If in fact the Red Sox or Yankees (or some other team) sign Lowe, the Mets may have to go the trade route to fill their starting rotation. If the price is too high or too risky for Lowe, then the cost for A.J. Burnett has to be way out of the Mets’ league. From all reports, there’s no interest in getting into the Sabathia bidding, and I don’t see the Mets going after Sheets, who at this point is riskier than Burnett. The next-best starter available is Jon Garland, who despite a high win total gets hit hard — opposing batters hit .303 against him last year — and probably isn’t worth the many millions he’ll get on the open market. After Garland, the quality drops off significantly — the next tier is Braden Looper, Randy Wolf, and Livan Hernandez.

Oh, and of course there is Oliver Perez — who is starting to look a lot more appealing than when the offseason began.


Buzz Around Burnett

The Yankees, Red Sox, Braves, Phillies, Orioles, and Blue Jays are all in pursuit of A.J. Burnett, according to various sources.

Supposedly, the Yankees are going after Burnett fairly hard, and would like to sign both him and C.C. Sabathia this winter — and may also extend an offer to Derek Lowe. I for one wouldn’t put it past the Bronx Bombers from signing all three of the top starting pitchers available on the free agent market. They can certainly afford it.

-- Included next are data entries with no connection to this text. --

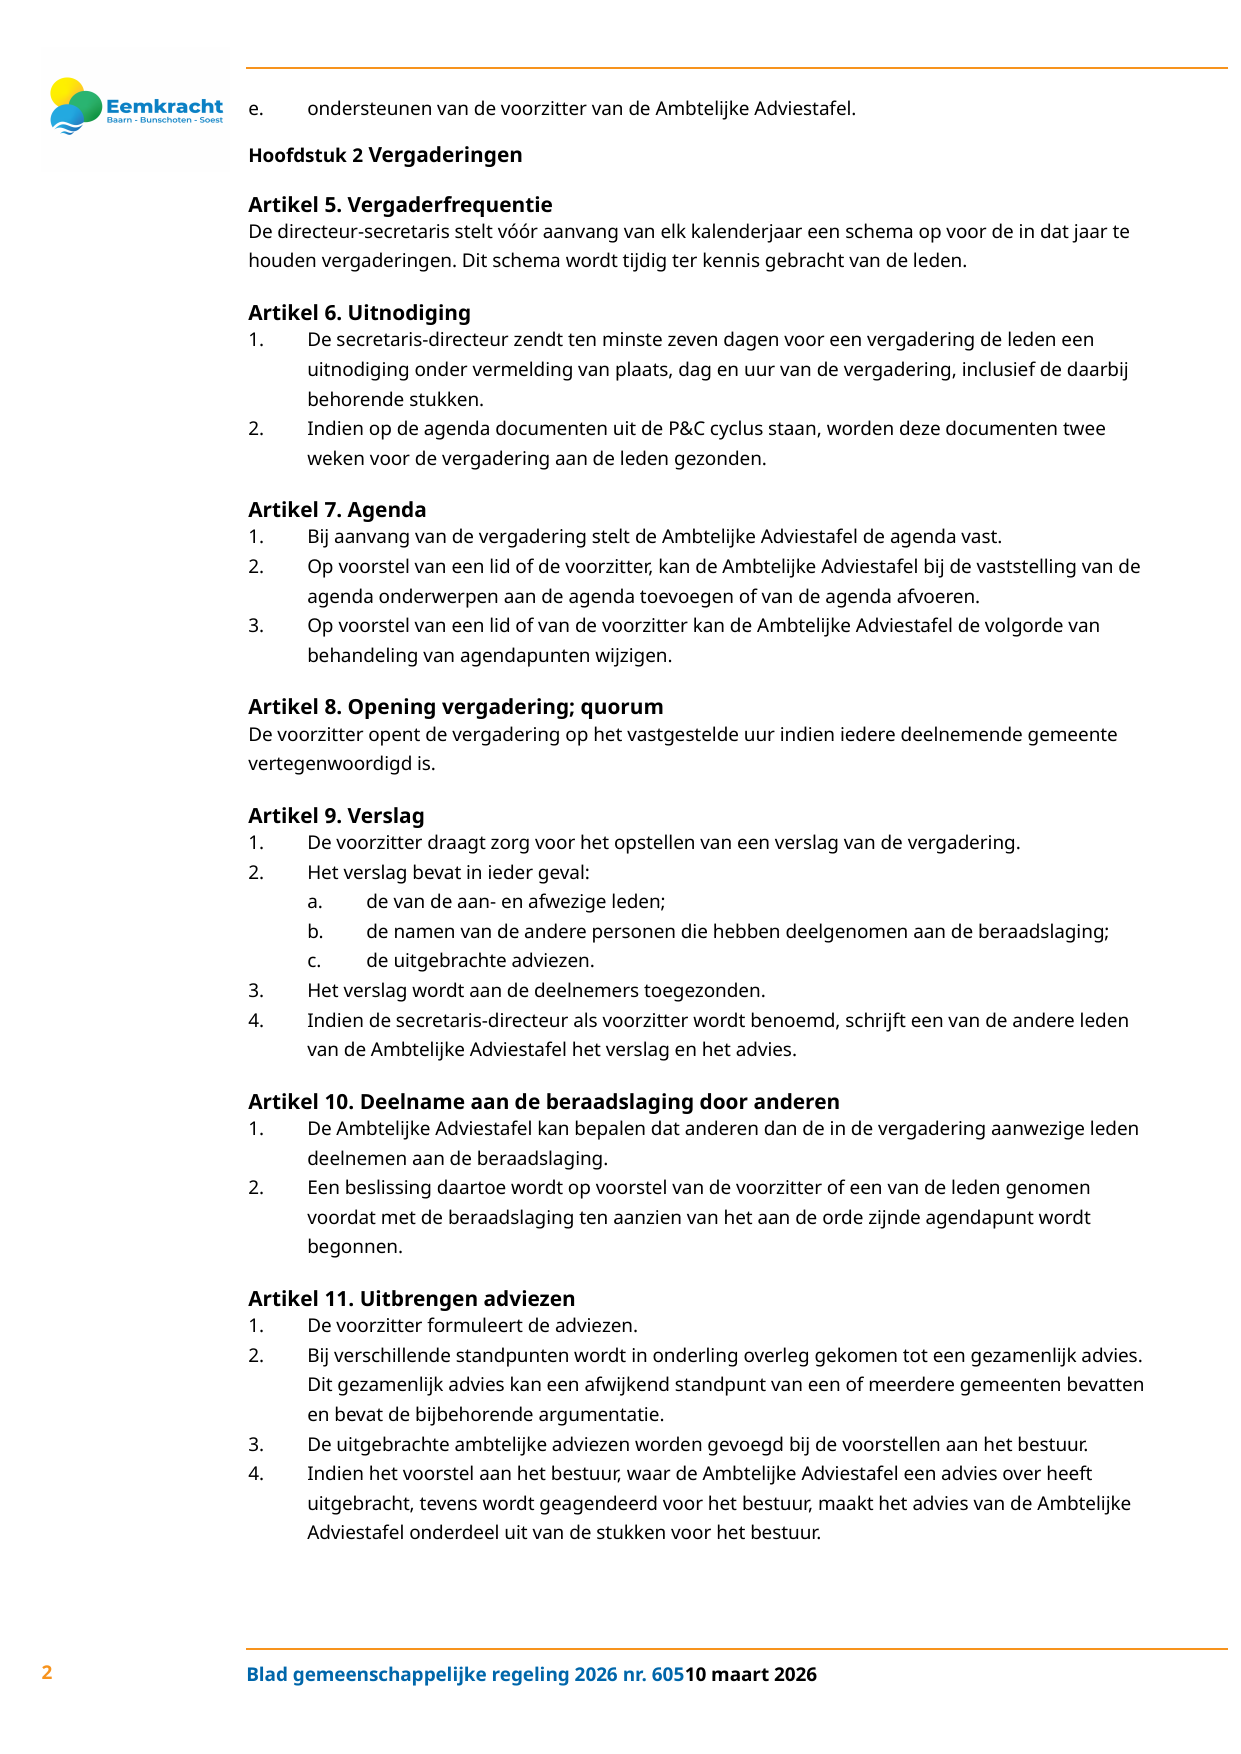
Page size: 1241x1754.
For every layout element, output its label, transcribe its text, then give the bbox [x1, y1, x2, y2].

text Artikel 9. Verslag [248, 801, 1152, 829]
text De voorzitter opent de vergadering op het vastgestelde uur indien iedere deelnemende gemeente vertegenwoordigd is. [248, 721, 1152, 776]
text De directeur-secretaris stelt vóór aanvang van elk kalenderjaar een schema op voor de in dat jaar te houden vergaderingen. Dit schema wordt tijdig ter kennis gebracht van de leden. [248, 218, 1152, 273]
list De voorzitter draagt zorg voor het opstellen van een verslag van de vergadering. [248, 829, 1152, 855]
text Artikel 11. Uitbrengen adviezen [248, 1284, 1152, 1312]
list de uitgebrachte adviezen. [307, 948, 1152, 973]
list De secretaris-directeur zendt ten minste zeven dagen voor een vergadering de leden een uitnodiging onder vermelding van plaats, dag en uur van de vergadering, inclusief de daarbij behorende stukken. [248, 327, 1152, 411]
list De Ambtelijke Adviestafel kan bepalen dat anderen dan de in de vergadering aanwezige leden deelnemen aan de beraadslaging. [248, 1115, 1152, 1171]
text Artikel 5. Vergaderfrequentie [248, 190, 1152, 218]
list Indien op de agenda documenten uit de P&C cyclus staan, worden deze documenten twee weken voor de vergadering aan de leden gezonden. [248, 415, 1152, 471]
list Bij aanvang van de vergadering stelt de Ambtelijke Adviestafel de agenda vast. [248, 524, 1152, 549]
list Het verslag bevat in ieder geval: [248, 859, 1152, 885]
list ondersteunen van de voorzitter van de Ambtelijke Adviestafel. [248, 95, 1152, 121]
text Artikel 10. Deelname aan de beraadslaging door anderen [248, 1087, 1152, 1115]
list Indien het voorstel aan het bestuur, waar de Ambtelijke Adviestafel een advies over heeft uitgebracht, tevens wordt geagendeerd voor het bestuur, maakt het advies van de Ambtelijke Adviestafel onderdeel uit van de stukken voor het bestuur. [248, 1460, 1152, 1545]
text Hoofdstuk 2 Vergaderingen [248, 140, 1152, 169]
list Bij verschillende standpunten wordt in onderling overleg gekomen tot een gezamenlijk advies. Dit gezamenlijk advies kan een afwijkend standpunt van een of meerdere gemeenten bevatten en bevat de bijbehorende argumentatie. [248, 1342, 1152, 1427]
list De uitgebrachte ambtelijke adviezen worden gevoegd bij de voorstellen aan het bestuur. [248, 1431, 1152, 1457]
text Artikel 8. Opening vergadering; quorum [248, 692, 1152, 721]
list De voorzitter formuleert de adviezen. [248, 1312, 1152, 1338]
picture [41, 47, 231, 172]
list Op voorstel van een lid of de voorzitter, kan de Ambtelijke Adviestafel bij de vaststelling van de agenda onderwerpen aan de agenda toevoegen of van de agenda afvoeren. [248, 553, 1152, 609]
list de namen van de andere personen die hebben deelgenomen aan de beraadslaging; [307, 918, 1152, 944]
list de van de aan- en afwezige leden; [307, 888, 1152, 914]
list Een beslissing daartoe wordt op voorstel van de voorzitter of een van de leden genomen voordat met de beraadslaging ten aanzien van het aan de orde zijnde agendapunt wordt begonnen. [248, 1174, 1152, 1259]
list Het verslag wordt aan de deelnemers toegezonden. [248, 977, 1152, 1003]
text Artikel 6. Uitnodiging [248, 298, 1152, 327]
list Op voorstel van een lid of van de voorzitter kan de Ambtelijke Adviestafel de volgorde van behandeling van agendapunten wijzigen. [248, 612, 1152, 668]
text Artikel 7. Agenda [248, 495, 1152, 524]
list Indien de secretaris-directeur als voorzitter wordt benoemd, schrijft een van de andere leden van de Ambtelijke Adviestafel het verslag en het advies. [248, 1007, 1152, 1062]

Buster Olney believes a guaranteed fifth year will seal the deal for Burnett. Ken Rosenthal thinks the Red Sox are interested, perhaps to keep him from pitching against them.

I’m not sure any team will give Burnett five years, based on his injury history. As for Boston’s interest, that may have waned since this morning’s trade of Coco Crisp for Ramiro Ramirez. Obtaining Ramirez means they can move Justin Masterson to the rotation. The Bosox already have four strong starters returning in Josh Beckett, Daisuke Matsuzaka, Jon Lester, and Tim Wakefield, in addition to youngster Clay Buchholz. Of course, a team can never have enough pitching, so perhaps they will be after a free agent starter such as Burnett or Derek Lowe, who reportedly would like very much to return to Boston. Further, one of those returning arms could be used as trade bait — such as in a deal to the Rangers for Jarrod Saltalamacchia.

The Cubs’ retention of Ryan Dempster suggests that they will be less active in their pursuit of a big-name starter — and increases the demand for Burnett and the other starters still available.

Where do the Mets fit in on all this?

So far, no buzz has suggested interest in Burnett by the Mets, probably due to his injuries and possibly also the fact that until 2008, he was a .500 pitcher. Fishy, isn’t it, A.J.’s best season came in a walk year?